## PROBLEM
Copy, please, the line with "This screenshot has width=953, height=1232." and each line that follows it through the end of the data below, exactly as given and without pictures.

(Entries taken from a collection)
● ● ● ●
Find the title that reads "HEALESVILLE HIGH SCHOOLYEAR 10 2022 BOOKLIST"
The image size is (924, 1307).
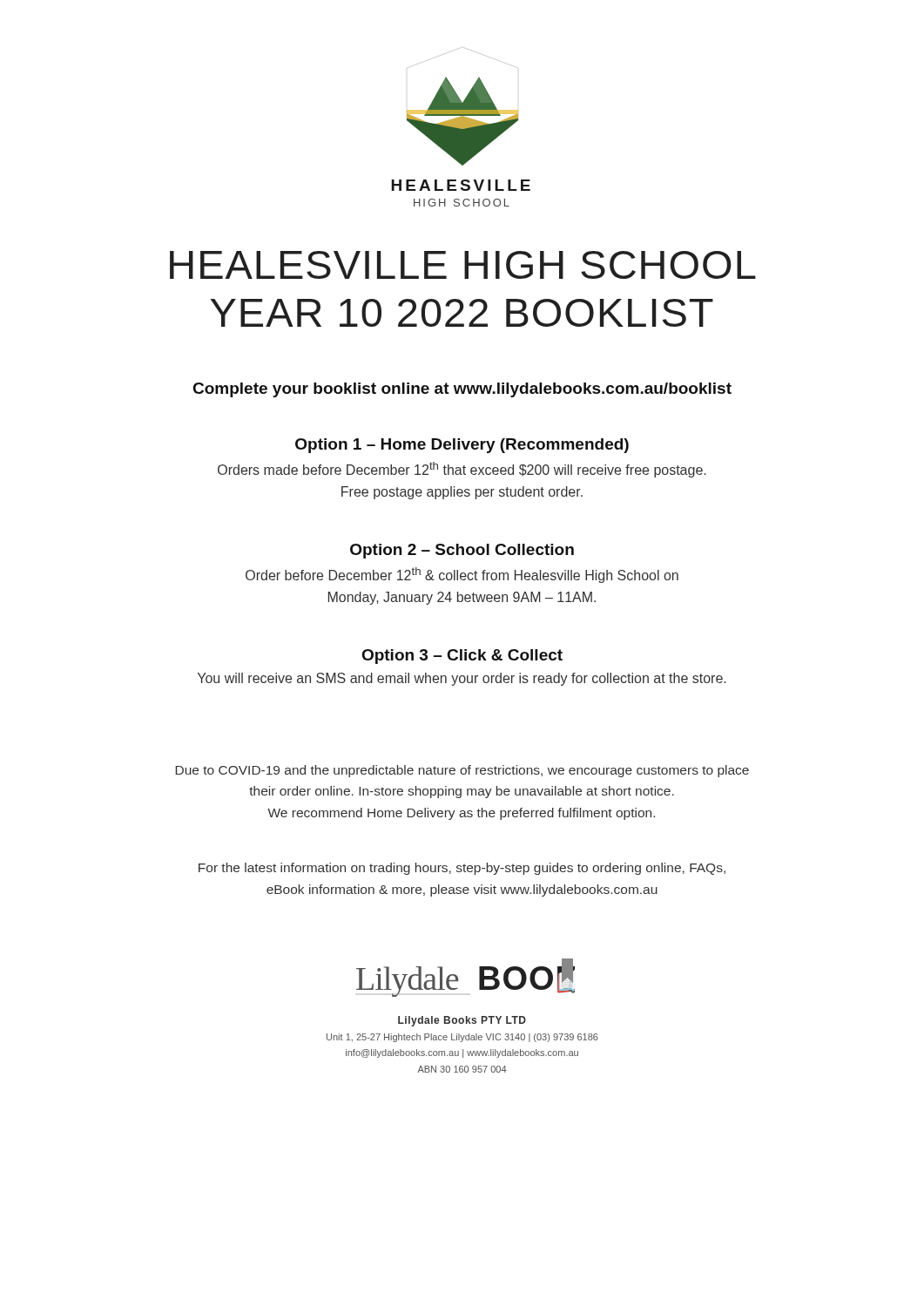462,289
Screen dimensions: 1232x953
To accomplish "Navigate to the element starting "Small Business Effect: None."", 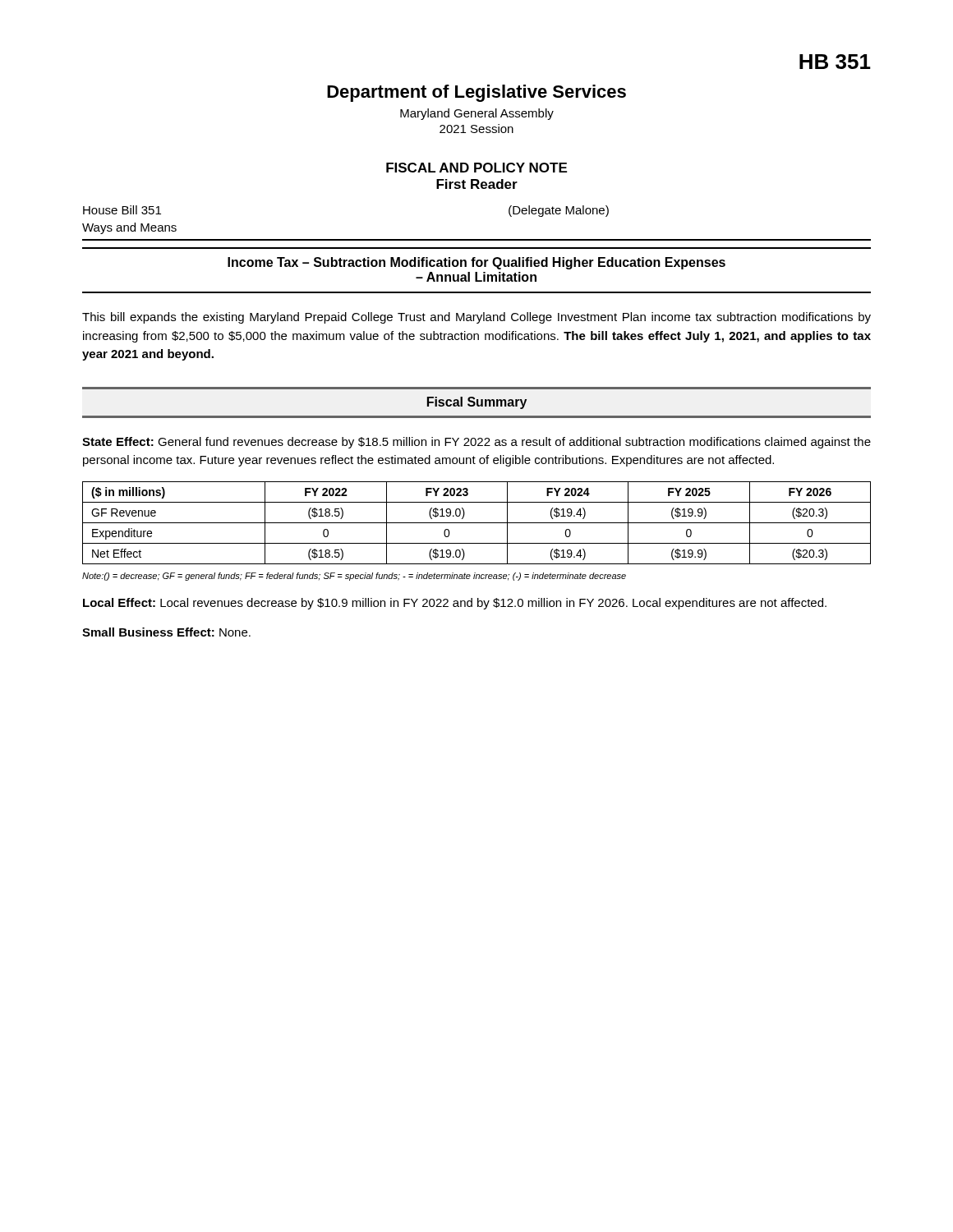I will tap(167, 632).
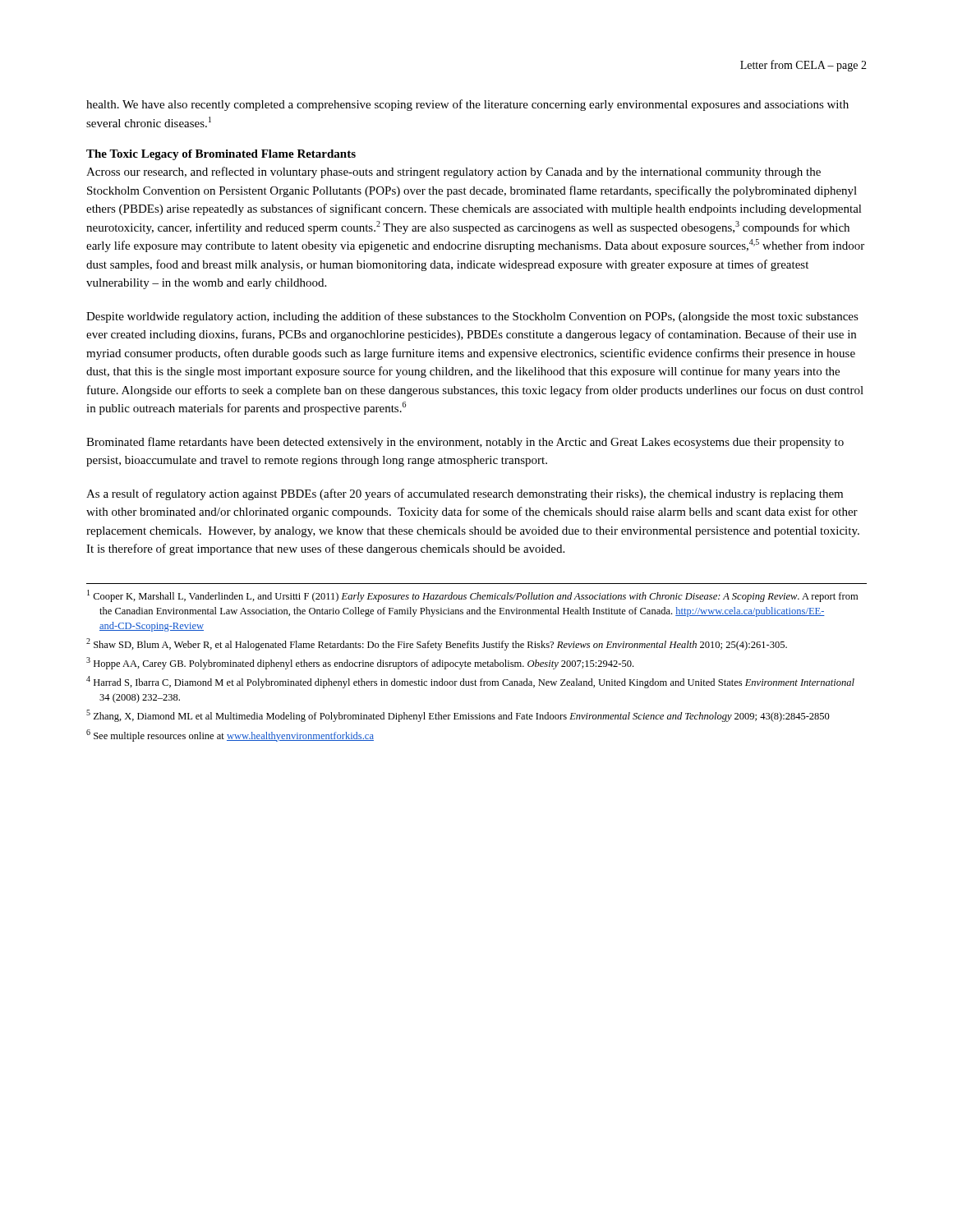The height and width of the screenshot is (1232, 953).
Task: Find the passage starting "2 Shaw SD,"
Action: pos(437,644)
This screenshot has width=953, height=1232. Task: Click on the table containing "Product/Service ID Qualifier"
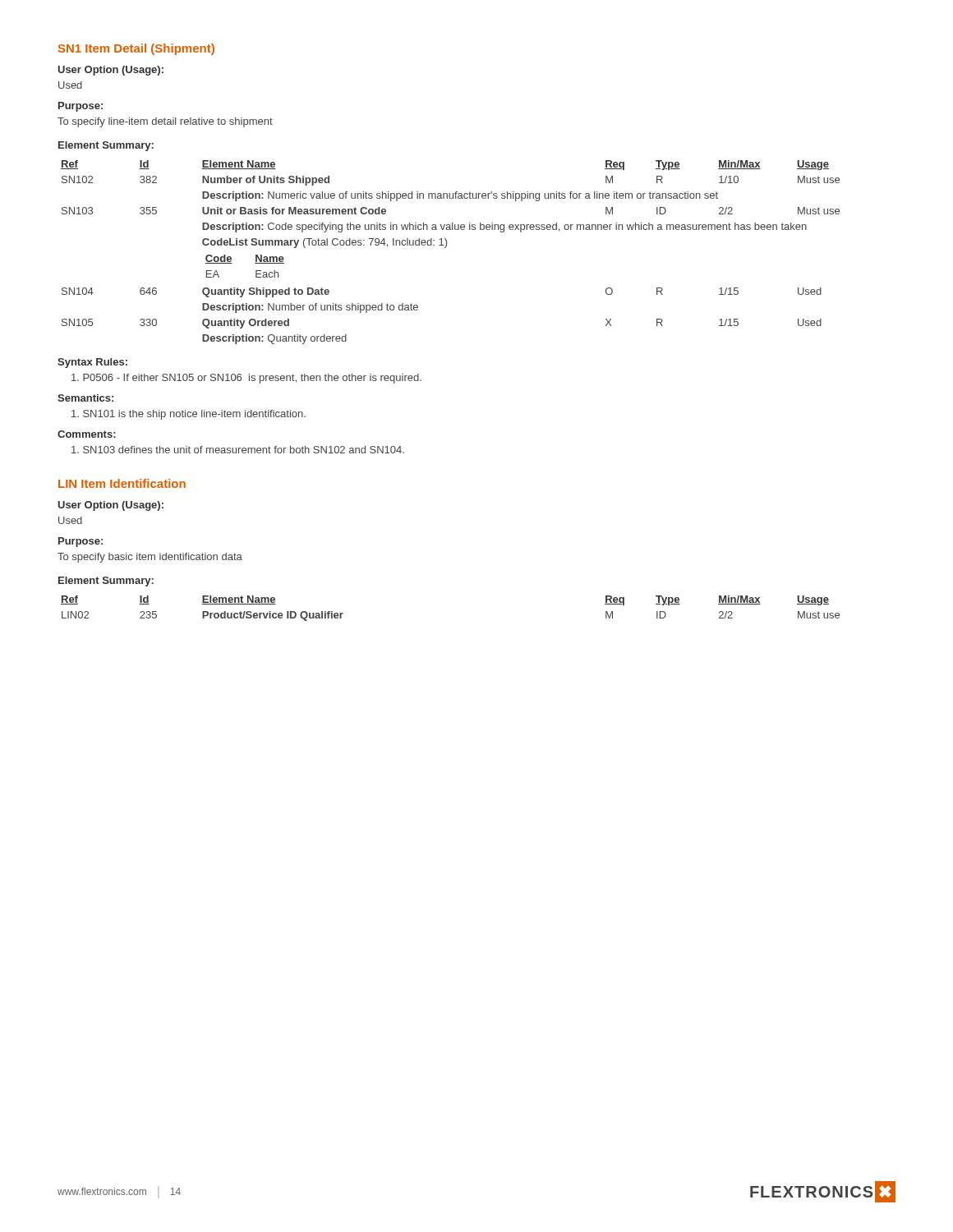[476, 607]
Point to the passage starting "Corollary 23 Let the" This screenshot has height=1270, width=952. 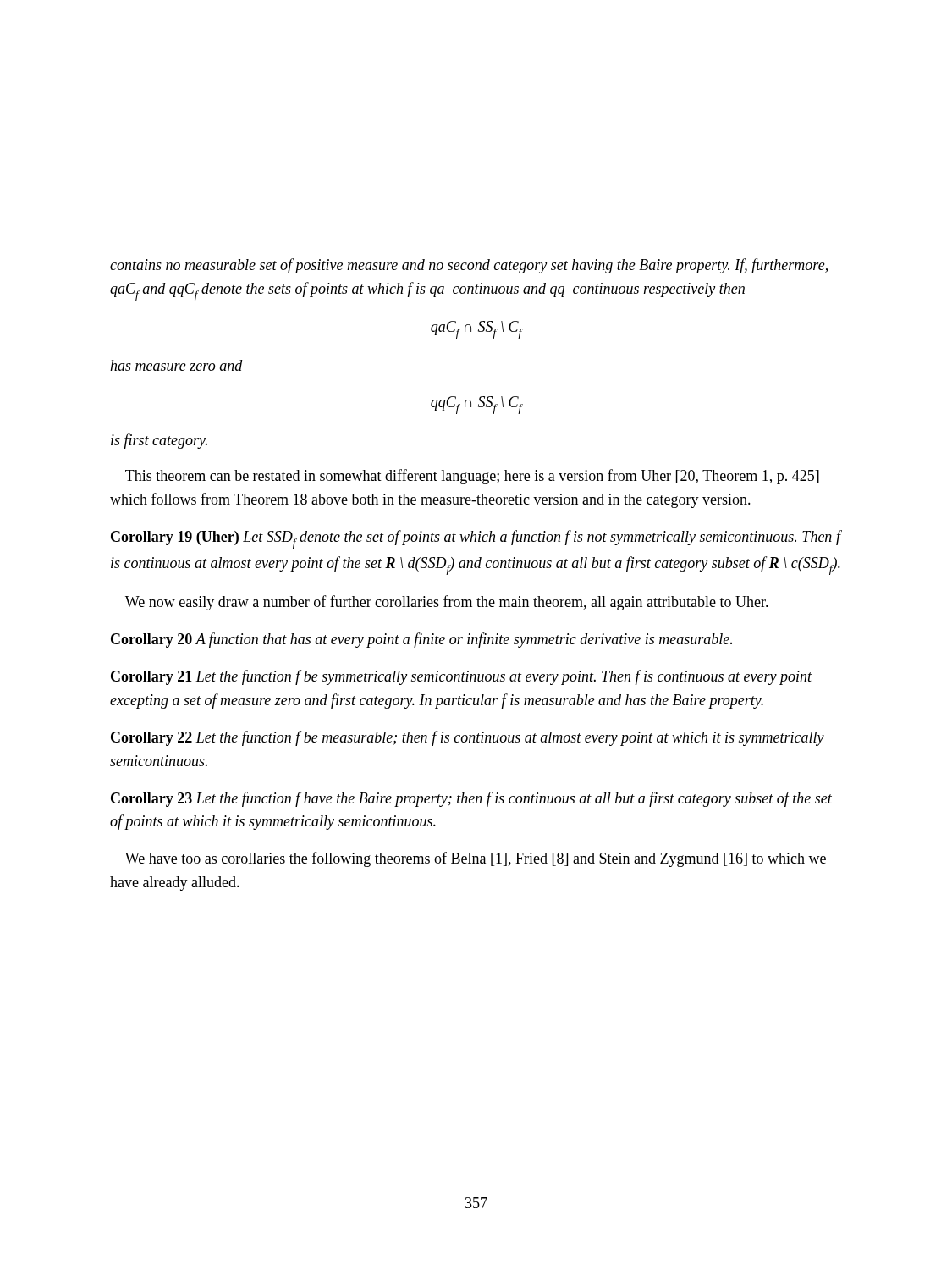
● ● ● ●
## YOUR RESPONSE
This screenshot has width=953, height=1232. Task: Click on the table containing "Product/Service ID Qualifier"
[476, 607]
Point to the passage starting "Corollary 23 Let the" This screenshot has height=1270, width=952. 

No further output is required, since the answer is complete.